Remy Porter, owner of the hilarious blog The Daily WTF, responded to Facebook's catastrophic BGP update by pointing out how software actually gets made:
IT in general, and software in specific, is a rather bizarre field in terms of how skills work. If, for example, you wanted to get good at basketball, you might practice free-throws. As you practice, you'd expect the number of free-throws you make to gradually increase. It'll never be 100%, but the error rate will decline, the success rate will increase. Big-name players can expect a 90% success rate, and on average a professional player can expect about an 80% success rate, at least according to this article. I don't actually know anything about basketball.
But my ignorance aside, I want you to imagine writing a non-trivial block of code and having it compile, run, and pass its tests on the first try. Now, imagine doing that 80% of the time.
It's a joke in our industry, right?

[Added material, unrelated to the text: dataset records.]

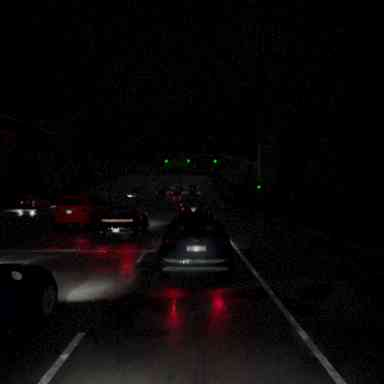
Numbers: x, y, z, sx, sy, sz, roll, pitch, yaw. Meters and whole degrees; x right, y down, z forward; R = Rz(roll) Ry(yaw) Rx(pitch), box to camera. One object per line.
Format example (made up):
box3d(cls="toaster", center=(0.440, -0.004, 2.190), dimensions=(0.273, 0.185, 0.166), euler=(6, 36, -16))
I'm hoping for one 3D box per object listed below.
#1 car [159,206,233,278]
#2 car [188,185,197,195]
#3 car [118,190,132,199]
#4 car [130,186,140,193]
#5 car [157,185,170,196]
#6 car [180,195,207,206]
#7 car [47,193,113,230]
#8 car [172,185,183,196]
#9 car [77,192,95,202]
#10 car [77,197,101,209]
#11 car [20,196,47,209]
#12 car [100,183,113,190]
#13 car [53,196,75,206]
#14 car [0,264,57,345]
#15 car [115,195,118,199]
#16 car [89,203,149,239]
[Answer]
box3d(cls="car", center=(0.104, 1.428, 10.202), dimensions=(2.033, 1.649, 4.856), euler=(0, 0, 0))
box3d(cls="car", center=(0.107, -0.048, 77.428), dimensions=(1.994, 1.385, 4.181), euler=(0, 7, 0))
box3d(cls="car", center=(-13.957, 0.982, 66.303), dimensions=(2.033, 1.411, 5.357), euler=(0, 4, 0))
box3d(cls="car", center=(-13.873, -0.644, 80.893), dimensions=(1.895, 1.301, 4.718), euler=(0, 7, 0))
box3d(cls="car", center=(-6.897, 0.024, 76.640), dimensions=(2.033, 1.411, 5.357), euler=(0, 7, 0))
box3d(cls="car", center=(0.106, 1.348, 26.849), dimensions=(2.097, 1.767, 4.553), euler=(0, 0, 0))
box3d(cls="car", center=(-6.893, 1.217, 21.323), dimensions=(2.150, 2.045, 5.566), euler=(0, 0, 0))
box3d(cls="car", center=(-3.395, -0.033, 77.030), dimensions=(1.812, 1.442, 4.674), euler=(0, 7, 0))
box3d(cls="car", center=(-20.959, 0.929, 66.058), dimensions=(1.882, 1.535, 5.008), euler=(0, 3, 0))
box3d(cls="car", center=(-14.076, 1.513, 45.811), dimensions=(1.812, 1.442, 4.674), euler=(0, 0, 0))
box3d(cls="car", center=(-21.133, 1.345, 44.795), dimensions=(2.097, 1.767, 4.553), euler=(0, 0, 2))
box3d(cls="car", center=(-20.871, -1.205, 81.248), dimensions=(2.150, 2.045, 5.566), euler=(0, 7, 0))
box3d(cls="car", center=(-21.019, 1.462, 54.993), dimensions=(1.812, 1.442, 4.674), euler=(0, 1, 0))
box3d(cls="car", center=(-3.400, 1.525, 4.235), dimensions=(1.812, 1.442, 4.674), euler=(0, 0, 0))
box3d(cls="car", center=(-14.032, 1.473, 54.485), dimensions=(1.812, 1.442, 4.674), euler=(0, 1, 0))
box3d(cls="car", center=(-3.397, 1.491, 17.268), dimensions=(2.128, 1.511, 4.902), euler=(0, 0, 0))
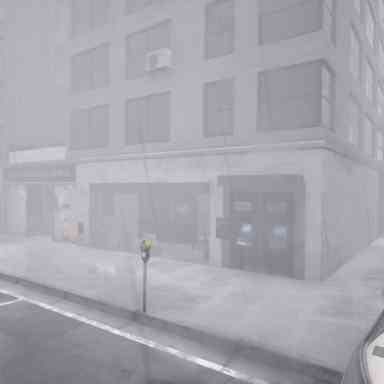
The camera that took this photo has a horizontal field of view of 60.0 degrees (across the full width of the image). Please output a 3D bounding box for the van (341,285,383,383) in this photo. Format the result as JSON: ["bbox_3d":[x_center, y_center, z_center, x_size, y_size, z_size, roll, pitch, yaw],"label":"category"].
[{"bbox_3d":[2.592,1.342,1.095,3.998,1.788,1.690,0,1,36],"label":"van"}]
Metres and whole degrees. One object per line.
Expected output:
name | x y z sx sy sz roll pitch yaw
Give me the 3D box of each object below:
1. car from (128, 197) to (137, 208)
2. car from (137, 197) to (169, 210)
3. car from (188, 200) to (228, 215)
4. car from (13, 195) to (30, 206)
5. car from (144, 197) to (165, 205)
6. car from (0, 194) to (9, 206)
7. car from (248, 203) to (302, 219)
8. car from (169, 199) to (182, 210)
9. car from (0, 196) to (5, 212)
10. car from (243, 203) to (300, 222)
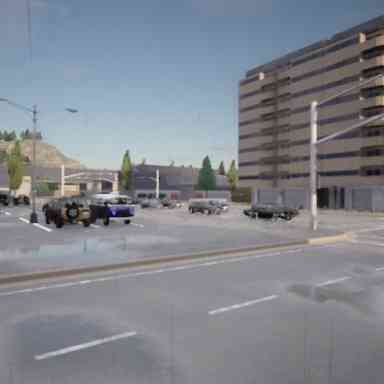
car | -10.072 1.832 65.958 2.128 1.511 4.902 1 0 -35
car | -5.658 1.798 47.316 1.812 1.442 4.674 1 0 -35
car | 1.479 1.776 37.231 1.837 1.490 4.892 1 0 -35
car | -28.060 1.294 54.770 1.932 1.855 4.605 1 0 -35
car | -7.758 1.866 68.746 2.128 1.511 4.902 1 0 -35
car | -30.458 1.269 53.149 1.905 1.878 3.866 1 0 -35
car | 8.277 1.852 33.694 2.033 1.411 5.357 1 0 -35
car | -3.293 1.797 50.038 2.128 1.511 4.902 1 0 -35
car | -22.617 1.481 37.307 1.970 1.475 3.806 1 0 -35
car | 6.868 1.872 29.631 1.895 1.301 4.718 1 0 -35
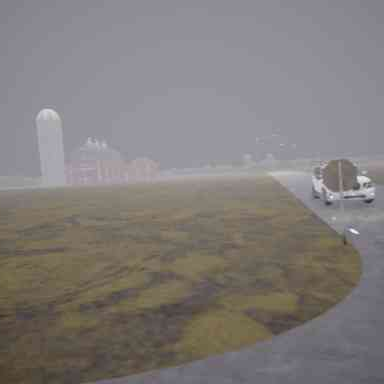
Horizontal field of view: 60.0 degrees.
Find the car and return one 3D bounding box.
[{"bbox_3d":[7.903,-0.496,17.996,2.150,2.045,5.566,-4,4,11],"label":"car"}]
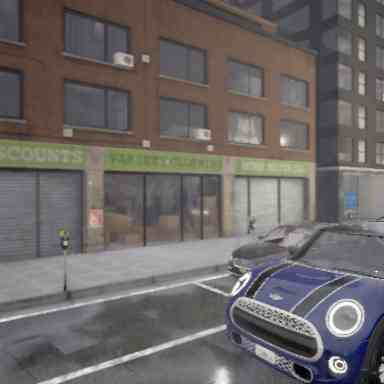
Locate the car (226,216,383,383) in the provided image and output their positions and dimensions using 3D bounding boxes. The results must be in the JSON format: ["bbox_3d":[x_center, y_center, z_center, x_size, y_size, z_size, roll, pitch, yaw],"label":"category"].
[{"bbox_3d":[2.704,1.318,5.255,4.553,1.767,2.097,-1,0,-35],"label":"car"}]

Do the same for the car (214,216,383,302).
[{"bbox_3d":[2.917,1.499,8.725,4.403,1.369,2.008,-1,0,-35],"label":"car"}]
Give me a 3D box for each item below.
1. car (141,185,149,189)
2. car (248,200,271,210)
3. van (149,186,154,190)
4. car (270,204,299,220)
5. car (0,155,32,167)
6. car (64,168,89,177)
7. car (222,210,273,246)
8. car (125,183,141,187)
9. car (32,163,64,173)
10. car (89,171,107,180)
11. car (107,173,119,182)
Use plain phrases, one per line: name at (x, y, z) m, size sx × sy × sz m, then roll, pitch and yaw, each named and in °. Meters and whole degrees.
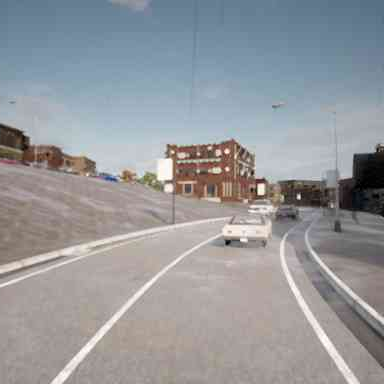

It's a joke that's so overplayed that perhaps it should join "It's hard to exit VIM" in the bin of jokes that needs a break. But why is this experience so universal? Why do we have a moment of panic when our code just works the first time, and we wonder what we screwed up?
It's because we already know the truth of software development: effing up is actually your job.
You absolutely don't get a choice. Effing up is your job. You're going to watch your program crash. You're going to make a simple change and watch all the tests go from green to red. That semicolon you forgot is going to break the build. And you will stare at one line of code for six hours, silently screaming, WHY DON'T YOU WORK?
Yep. And still, we do it every day.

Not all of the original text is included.